Fall 2020 - Computational Medicine course project - SARS-CoV-2 Subunit Vaccine Design (HW5)
The goal of this project is to design a subunit vaccine targeting the spike glycoprotein of SARS-CoV-2. Specifically, this project focuses on selecting a set of peptides which could theoretically be delivered using an RNA vaccine.
Work involved cleaning, standardizing, and encoding MHC binding data, training regression models (Random Forest) to predict pIC50 values for a given HLA allele and peptide k-mer, and designing a novel approach for taking binding predictions for SARS-CoV-2 spike glycoprotein (.fasta
format) and selecting a subset of peptides to maximize coverage of HLA allele reference sets.
Analysis was performed using Jupyter Notebook and Python.
Vaccine design functions and helper functions are implemented as Python package vaccine
under /packages.
-
For each MHC class, train separate regression models (Random Forest) for each HLA allele in the reference set.

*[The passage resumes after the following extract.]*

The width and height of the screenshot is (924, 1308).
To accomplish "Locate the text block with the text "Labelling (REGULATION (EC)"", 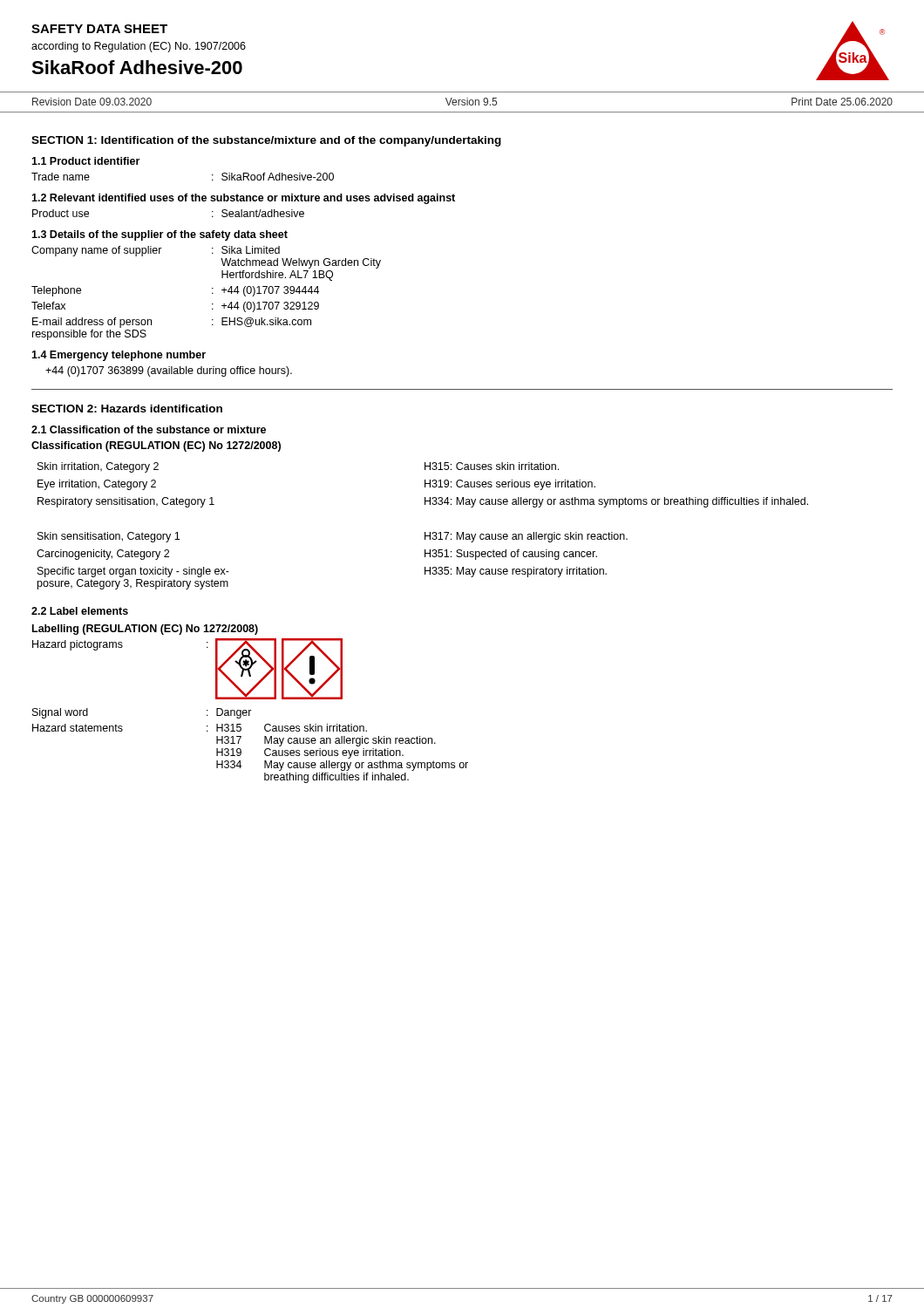I will (145, 629).

MHC I data is limited to peptides of length 9; MHC II data is limited to peptides of length 15.
-
For each MHC class, subdivide the spike sequence into overlapping k-mers of matching length (9 or 15). Use the regression models to predict pIC50 binding values for each (k-mer, allele) combination.
-
Create data structure P to track the set of alleles covered by each peptide k-mer. Sort P by number of alleles covered, descending.

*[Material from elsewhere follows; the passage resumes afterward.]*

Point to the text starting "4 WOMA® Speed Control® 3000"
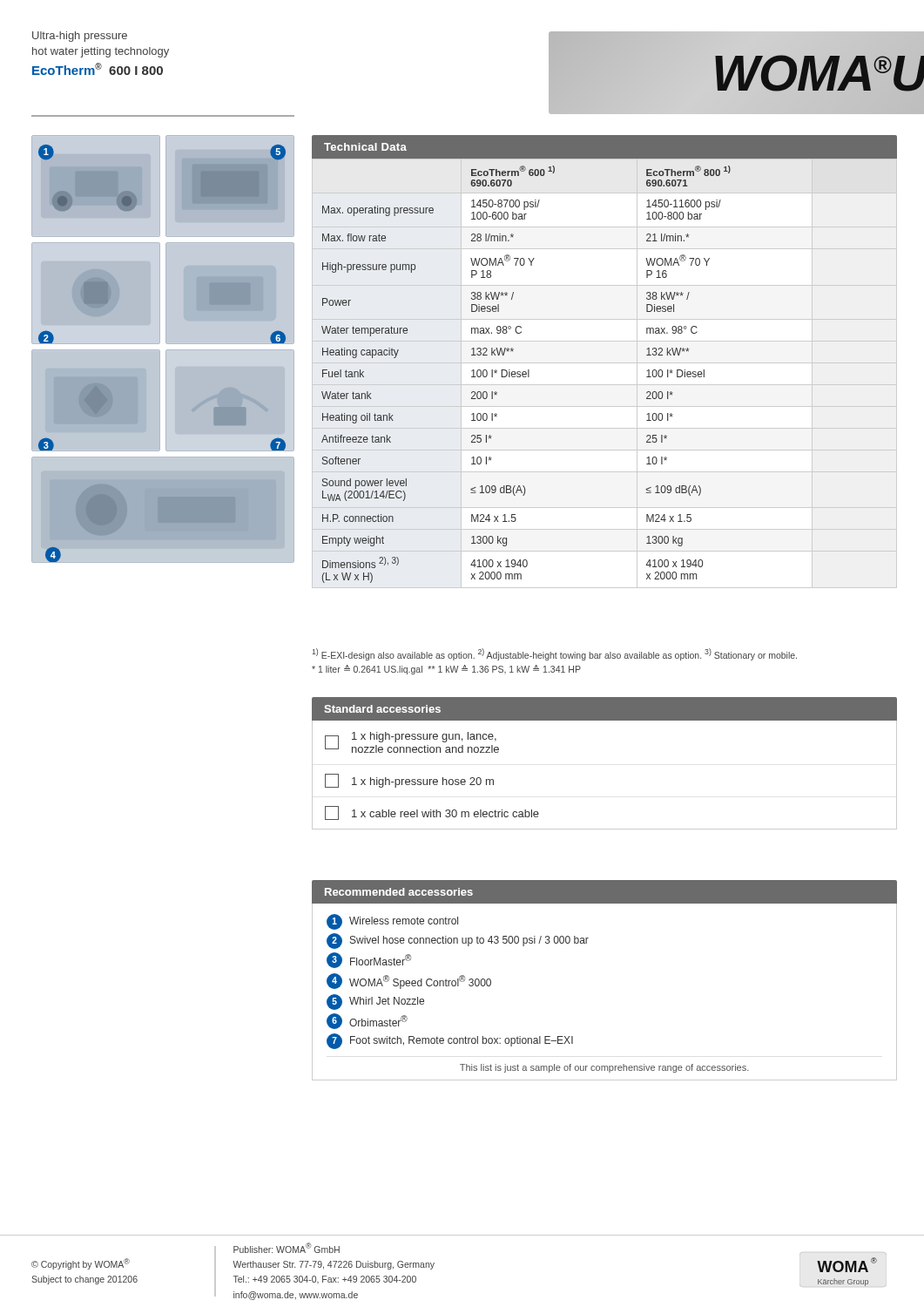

- Generate a peptide set which covers as many alleles in a single MHC class at least once. Order alleles so that the least-covered allele is covered first. Order peptides so that the peptide with the possible allele coverage is selected first.
min_designs = []
for design limit D, set of alleles A, set of peptides P, and pIC50 threshold p_min:
limit P to peptides with pIC50 > p_min
U: set of uncovered alleles from A covered by at least one peptide in P
S: set of selected peptides
while |S| ≤ D and |U| > 0 and |P| > 0:
select allele a which is covered by fewest number of peptides in P
select first p in P which covers a
add p to S
remove peptides from P which overlap with p
remove from U each allele covered by p
remove from U any alleles with nonzero coverage in revised P
add S to min_designs
- Minimum coverage won't result in equal coverage of every allele in a given MHC class. With remaining design space, choose peptides to equalize coverage as much as possible. Order alleles so least-covered is improved first (non-zero only).
bal_designs = []
for design limit D, set of selected peptides S in min_designs, and pIC50 value p_min:
limit P to peptides with pIC50 > p_min and which are not in S
C: set of alleles covered by S
L: set of alleles for which no additional coverage can be found in P, initially empty
while |S| ≤ D and |P| > 0 and |L| ≠ |C|:
select allele a in C with the least coverage which is not in L
search for peptide p in P which covers a
if p exists:
add p to S
remove peptides from P which overlap with p
else:
add a to L
add S to bal_designs
Note: Implementation attempts to increase coverage for each allele in C once, even if that allele remains the least-covered in C and peptides remain in P which could cover that allele. Implementation should be revised to match pseudocode.
- A final set of peptides must be selected from the design sets which have been generated.
- To balance coverage of MHC classes, half of the peptides in the final design will be chosen from the design sets of each MHC class. For each MHC class, selection considers all design sets generated from each combination of (D,p_min). The goal is to select peptides with the highest pIC50 values to maximize coverage.
Fc: final design set for a single MHC class
Df: user-defined size of final design set
p_current = max{p_min for design sets}
while |Fc| < |Df|:
Smin : set of peptides in min_design set using p_current as p_min
Sbal : set of peptides in matching bal_design set which are not in Smin
if Fc does not contain all peptides in Smin:
add peptide in Smin not in Fc to Fc
else if Fc does not contain all peptides in Sbal:
add peptide in Sbal not in Fc to Fc
else:
set p_current to next highest p_min in design sets
return Fc
Note: When choosing from Smin or Sbal, implementation favors peptides which covers the most alleles.